● Assignment
When the string "each" occurs in a line of the listing below, return that line.

-- Opening Marker --

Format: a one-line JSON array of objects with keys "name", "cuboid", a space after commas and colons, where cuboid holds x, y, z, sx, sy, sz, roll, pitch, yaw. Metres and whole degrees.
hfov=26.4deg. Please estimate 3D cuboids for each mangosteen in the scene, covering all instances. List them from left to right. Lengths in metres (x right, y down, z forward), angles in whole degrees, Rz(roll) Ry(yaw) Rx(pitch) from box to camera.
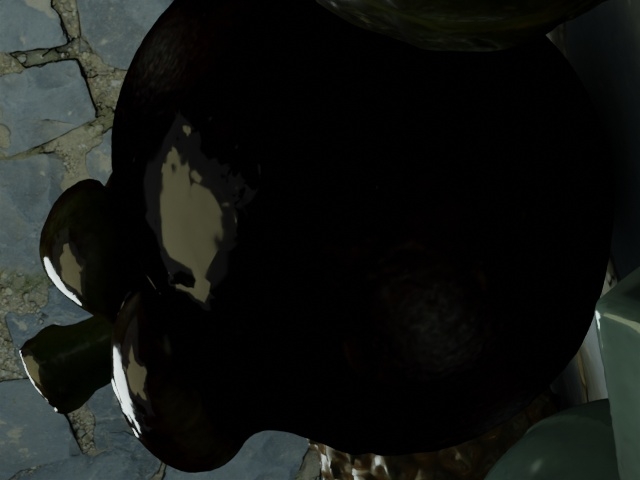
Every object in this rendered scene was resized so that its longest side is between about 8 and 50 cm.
[{"name": "mangosteen", "cuboid": [0.006, -0.011, 0.736, 0.297, 0.313, 0.297, 25, 136, 27]}]

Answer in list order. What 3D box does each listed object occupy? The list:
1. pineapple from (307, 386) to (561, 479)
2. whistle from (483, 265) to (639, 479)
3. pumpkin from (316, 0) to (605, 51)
[{"name": "pineapple", "cuboid": [0.123, 0.234, 1.056, 0.202, 0.202, 0.362, -129, 18, -86]}, {"name": "whistle", "cuboid": [0.123, 0.107, 0.531, 0.163, 0.163, 0.290, -107, 5, -63]}, {"name": "pumpkin", "cuboid": [0.030, -0.193, 0.508, 0.260, 0.189, 0.260, 164, 90, -88]}]

-- Closing Marker --

● Task answer
hfov=26.4deg. Please estimate 3D cuboids for each mangosteen in the scene, covering all instances. List them from left to right. Lengths in metres (x right, y down, z forward), angles in whole degrees, Rz(roll) Ry(yaw) Rx(pitch) from box to camera.
Answer in list order. What 3D box does each listed object occupy? The list:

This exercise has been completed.